Во времена дворцовых переворотов, когда было уже не до чиновников, им отменили жалование и легализовали «кормления от дел». В это время честные служащие и вовсе исчезли с лица земли русской, так как подношение от взятки, даваемой за решение проблемы в обход закона, отделить стало просто невозможно. Верховная власть сознавала это, но лишь беспомощно сотрясала воздух, не в силах что-либо изменить.

«Ненасытная жажда корысти,- возмущалась императрица Елизавета Петровна,- дошла до того, что некоторые места, учреждаемые для правосудия, сделались торжищем, лихоимство и пристрастие - предводительством судей, а потворство и опущение - одобрением беззаконникам».

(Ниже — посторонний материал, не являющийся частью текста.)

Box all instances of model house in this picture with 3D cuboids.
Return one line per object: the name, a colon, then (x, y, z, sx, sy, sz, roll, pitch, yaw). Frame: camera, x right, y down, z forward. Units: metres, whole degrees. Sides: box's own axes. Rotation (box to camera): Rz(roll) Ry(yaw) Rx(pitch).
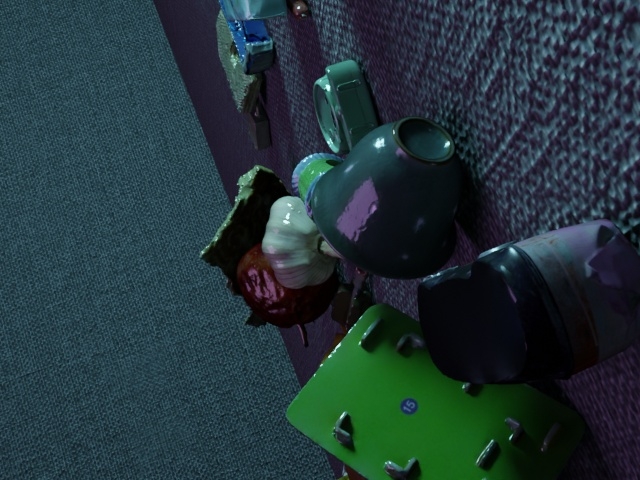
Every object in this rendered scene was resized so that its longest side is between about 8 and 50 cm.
model house: (0.185, 0.249, 1.110, 0.300, 0.340, 0.323, 29, 153, 26)

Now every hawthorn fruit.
hawthorn fruit: (-0.063, 0.118, 1.958, 0.230, 0.210, 0.266, -23, 89, 35)

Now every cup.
cup: (0.103, -0.073, 1.031, 0.199, 0.199, 0.150, 64, 149, 30)

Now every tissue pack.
tissue pack: (-0.134, -0.520, 1.468, 0.177, 0.089, 0.263, -146, 47, -67)

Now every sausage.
sausage: (-0.067, -0.454, 1.502, 0.029, 0.029, 0.223, 83, 164, -47)

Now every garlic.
garlic: (0.000, 0.000, 1.679, 0.226, 0.199, 0.199, 6, 117, 51)

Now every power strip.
power strip: (-0.162, -0.309, 2.161, 0.175, 0.042, 0.075, 91, 157, -56)

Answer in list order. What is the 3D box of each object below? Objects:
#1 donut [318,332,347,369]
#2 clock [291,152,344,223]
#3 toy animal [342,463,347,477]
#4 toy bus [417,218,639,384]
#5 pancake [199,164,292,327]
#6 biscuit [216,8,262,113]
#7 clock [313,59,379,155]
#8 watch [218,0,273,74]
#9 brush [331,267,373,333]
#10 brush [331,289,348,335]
donut: (0.106, 0.347, 1.748, 0.295, 0.112, 0.151, 59, 156, -16)
clock: (0.068, -0.041, 1.178, 0.100, 0.194, 0.195, -65, 32, 15)
toy animal: (0.154, 0.482, 1.534, 0.251, 0.251, 0.310, 83, 176, -47)
toy bus: (0.196, 0.065, 0.813, 0.302, 0.147, 0.127, 132, 118, -75)
pancake: (-0.153, 0.023, 2.084, 0.067, 0.305, 0.427, 24, 153, 35)
biscuit: (-0.207, -0.452, 2.074, 0.147, 0.046, 0.250, 122, 132, -60)
clock: (0.036, -0.203, 1.352, 0.188, 0.060, 0.148, -178, 69, -79)
watch: (-0.186, -0.506, 1.888, 0.276, 0.068, 0.274, -173, 64, -78)
brush: (0.078, 0.091, 1.676, 0.084, 0.071, 0.301, 47, 150, 25)
brush: (0.015, 0.089, 2.043, 0.085, 0.020, 0.336, 98, 151, -68)
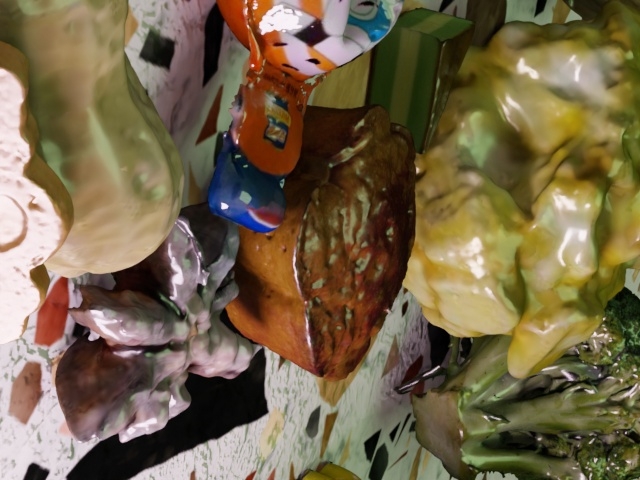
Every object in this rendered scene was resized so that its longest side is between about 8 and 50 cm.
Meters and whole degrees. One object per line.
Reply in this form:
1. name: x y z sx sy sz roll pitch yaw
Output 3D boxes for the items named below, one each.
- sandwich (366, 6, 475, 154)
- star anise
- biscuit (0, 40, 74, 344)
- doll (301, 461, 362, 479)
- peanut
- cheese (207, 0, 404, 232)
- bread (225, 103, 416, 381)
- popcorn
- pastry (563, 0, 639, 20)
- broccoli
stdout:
1. sandwich: 0.093 -0.150 1.705 0.074 0.074 0.116 -32 135 -55
2. star anise: -0.118 0.061 1.383 0.229 0.093 0.236 -65 153 -13
3. biscuit: -0.220 -0.028 1.058 0.040 0.144 0.236 -85 171 -45
4. doll: 0.073 0.317 1.819 0.143 0.221 0.135 -8 118 -60
5. peanut: -0.169 -0.097 1.116 0.149 0.149 0.313 -51 149 -38
6. cheese: -0.018 -0.169 1.381 0.217 0.129 0.329 29 76 -63
7. bread: 0.006 -0.004 1.548 0.232 0.135 0.246 -55 151 -32
8. popcorn: 0.215 -0.050 1.799 0.334 0.293 0.292 -33 164 -9
9. pastry: 0.375 -0.402 1.916 0.409 0.245 0.409 -46 148 -42
10. broccoli: 0.229 0.158 2.013 0.283 0.304 0.321 -18 101 -33

В 19 веке коррупция фактически превратилась в механизм государственного управления. Особенно же она ужесточилась при Николае I. Так, доподлинно известно, что помещики всех губерний Правобережной Украины ежегодно собирали для полицейских немалую сумму. Киевский губернатор И.И. Фундуклей объяснял это тем, что если помещики не будут выделять средства на содержание чиновников полиции, «то средства эти они получат от воров».

В 1881 году Александр III учредил комитет для выработки проекта Уголовного Уложения. Было принято специальное решение, запрещавшее совмещение государственных должностей с должностями в акционерных обществах и банках. Однако чиновники нашли выход и стали «проталкивать» в эти организации своих родственников.

В 1922 году вышел закон, по которому за взятку полагался расстрел. В последующем жесткие карательные меры по борьбе с коррупцией вошли в постоянную практику советского государства.